- Information supplied -
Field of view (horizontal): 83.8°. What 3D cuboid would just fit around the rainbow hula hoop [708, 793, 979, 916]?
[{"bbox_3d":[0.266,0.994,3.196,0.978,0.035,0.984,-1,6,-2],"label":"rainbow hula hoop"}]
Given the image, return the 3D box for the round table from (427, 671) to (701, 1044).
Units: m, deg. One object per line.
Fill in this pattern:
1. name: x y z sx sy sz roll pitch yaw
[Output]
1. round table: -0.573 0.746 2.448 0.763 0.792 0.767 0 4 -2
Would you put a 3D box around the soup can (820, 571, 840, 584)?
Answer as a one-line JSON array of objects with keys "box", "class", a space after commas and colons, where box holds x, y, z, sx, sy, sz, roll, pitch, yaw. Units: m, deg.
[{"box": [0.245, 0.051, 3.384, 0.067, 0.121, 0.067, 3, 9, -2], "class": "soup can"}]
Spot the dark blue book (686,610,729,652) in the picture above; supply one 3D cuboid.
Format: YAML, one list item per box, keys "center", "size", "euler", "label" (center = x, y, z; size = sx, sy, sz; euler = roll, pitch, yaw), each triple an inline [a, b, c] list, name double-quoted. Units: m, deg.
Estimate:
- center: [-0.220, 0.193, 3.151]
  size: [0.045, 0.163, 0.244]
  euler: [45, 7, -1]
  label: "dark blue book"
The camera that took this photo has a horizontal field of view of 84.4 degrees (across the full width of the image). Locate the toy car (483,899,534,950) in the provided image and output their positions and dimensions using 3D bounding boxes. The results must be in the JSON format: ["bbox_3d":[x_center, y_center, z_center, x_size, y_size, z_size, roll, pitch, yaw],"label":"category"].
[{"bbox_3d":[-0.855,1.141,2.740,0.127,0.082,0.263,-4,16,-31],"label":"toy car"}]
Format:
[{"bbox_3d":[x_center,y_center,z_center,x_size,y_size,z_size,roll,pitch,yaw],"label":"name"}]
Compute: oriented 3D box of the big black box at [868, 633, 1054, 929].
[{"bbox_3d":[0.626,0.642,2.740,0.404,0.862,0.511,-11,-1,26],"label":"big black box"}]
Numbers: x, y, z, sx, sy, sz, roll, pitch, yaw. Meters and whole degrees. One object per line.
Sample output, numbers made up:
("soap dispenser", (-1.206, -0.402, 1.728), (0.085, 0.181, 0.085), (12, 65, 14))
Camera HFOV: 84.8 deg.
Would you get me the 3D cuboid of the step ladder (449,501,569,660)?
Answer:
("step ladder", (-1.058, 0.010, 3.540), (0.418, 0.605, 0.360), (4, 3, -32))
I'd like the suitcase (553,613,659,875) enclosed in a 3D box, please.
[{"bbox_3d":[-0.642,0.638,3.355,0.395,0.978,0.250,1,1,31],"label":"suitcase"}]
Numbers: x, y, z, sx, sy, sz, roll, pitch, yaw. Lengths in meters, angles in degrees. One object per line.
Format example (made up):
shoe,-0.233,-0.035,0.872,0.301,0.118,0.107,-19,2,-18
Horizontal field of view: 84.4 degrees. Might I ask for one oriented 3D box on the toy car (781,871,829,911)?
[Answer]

- Action item -
Going through the listing above, tally the lines that contain the word "name" and state the total alone.

- Answer box -
3